If you are getting an error message similar to the following:
fullfn__230E> File not found: mod
Directories: :${MODINSTALL6v2}/bin/
Extensions : .top:
Prefixes : nothing, pdb
chances are that you didn't give modeller an argument.
You should try the following:
change directory into the examples/tutorial-model directory
run the following command (assuming that the modeller executable is in your path):
"mod initial"
> exchange mod with your executable, e.g. mod6v2, or leave mod for windows, initial is
> refering to the initial.top file in the current directory.
> Then execute ls -l (or dir for windows) in this directory to identify the output files.
Modeller Usage
- I do not care about the details of a model, I only want to calculate
it very fast to get a quick idea about how it looks or to confirm that
my alignment is clearly unreasonable in the structural sense.
Only one model can be calculated by this routine because the
starting structure is not randomized before optimization.
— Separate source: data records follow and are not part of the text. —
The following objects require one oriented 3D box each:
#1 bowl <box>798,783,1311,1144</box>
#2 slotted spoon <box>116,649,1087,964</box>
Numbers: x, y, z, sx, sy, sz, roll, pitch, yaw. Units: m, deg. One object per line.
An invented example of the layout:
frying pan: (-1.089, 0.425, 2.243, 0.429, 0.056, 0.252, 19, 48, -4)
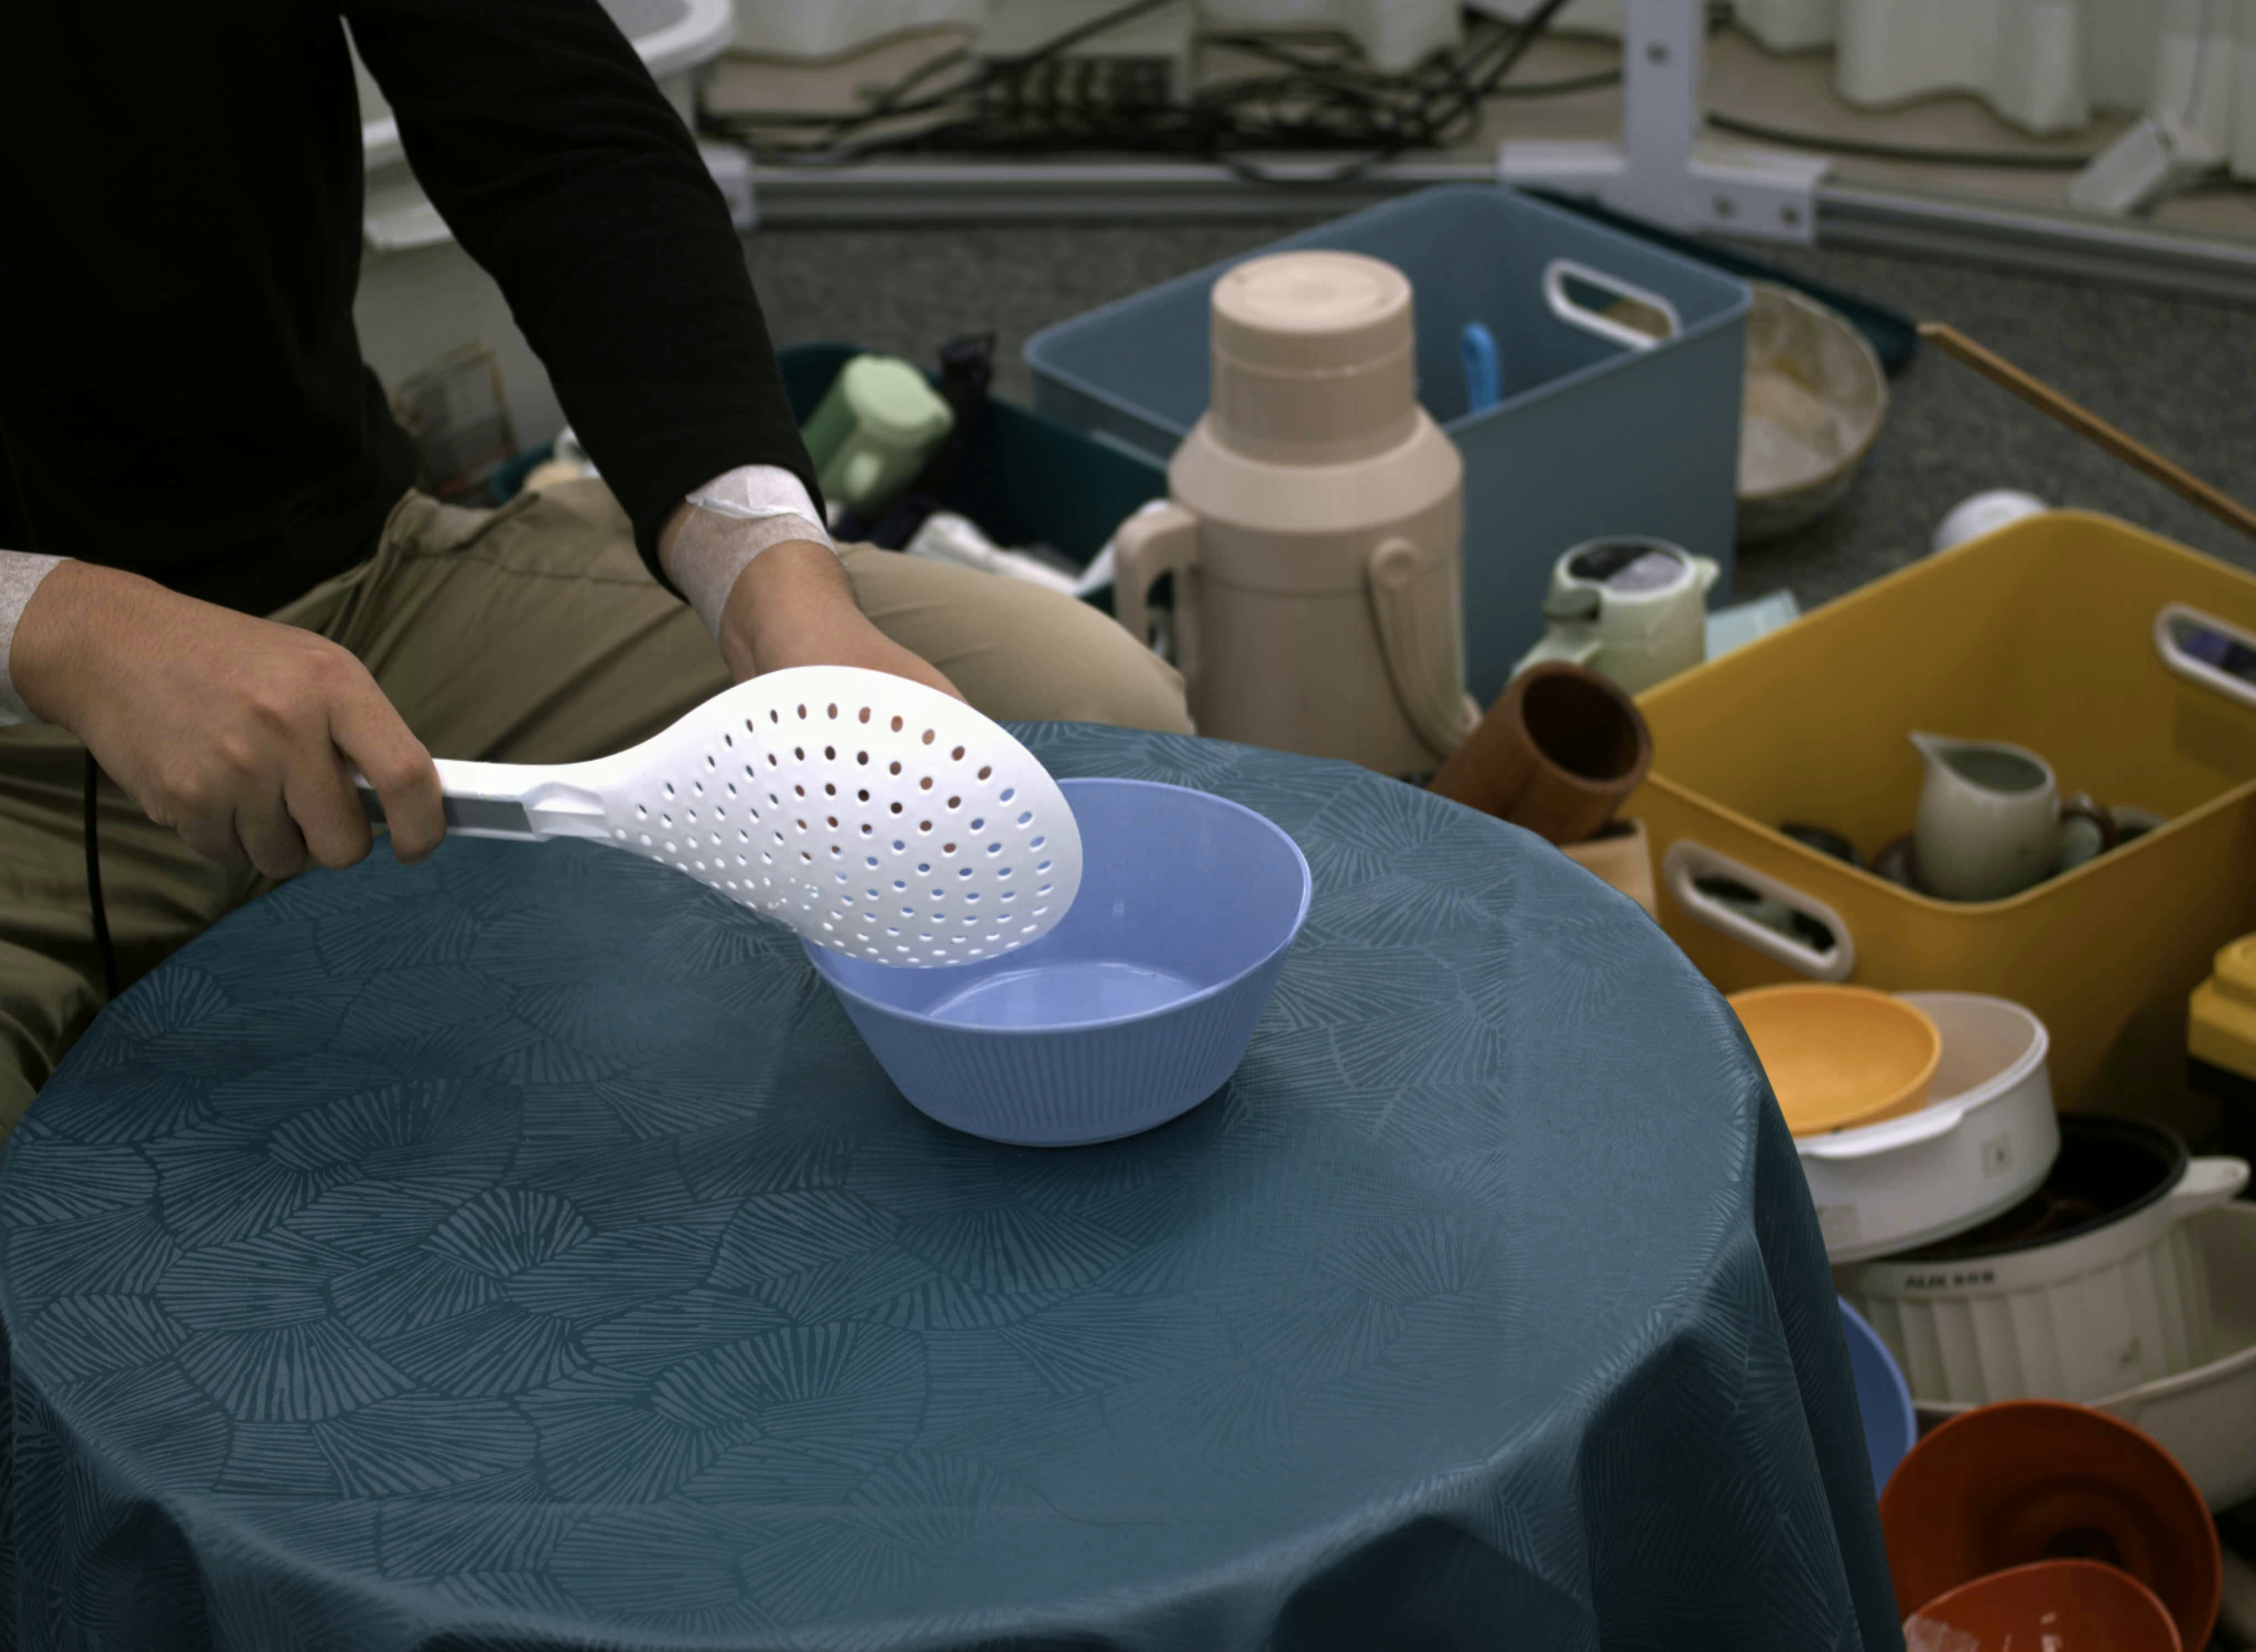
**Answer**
bowl: (-0.023, 0.052, 1.921, 0.175, 0.069, 0.178, -3, 26, 2)
slotted spoon: (-0.182, -0.009, 1.881, 0.347, 0.134, 0.046, 8, 45, 22)

Only
a very limited amount of the variable target function optimization
with conjugate gradients is done. This is usually for a factor of 3
faster than the default procedure. For example, it takes about
17 seconds of CPU time to model a 60-residue protein on an SGI
workstation with a R10000-195 processor.
# Very fast homology modelling by the MODELLER TOP routine 'model'.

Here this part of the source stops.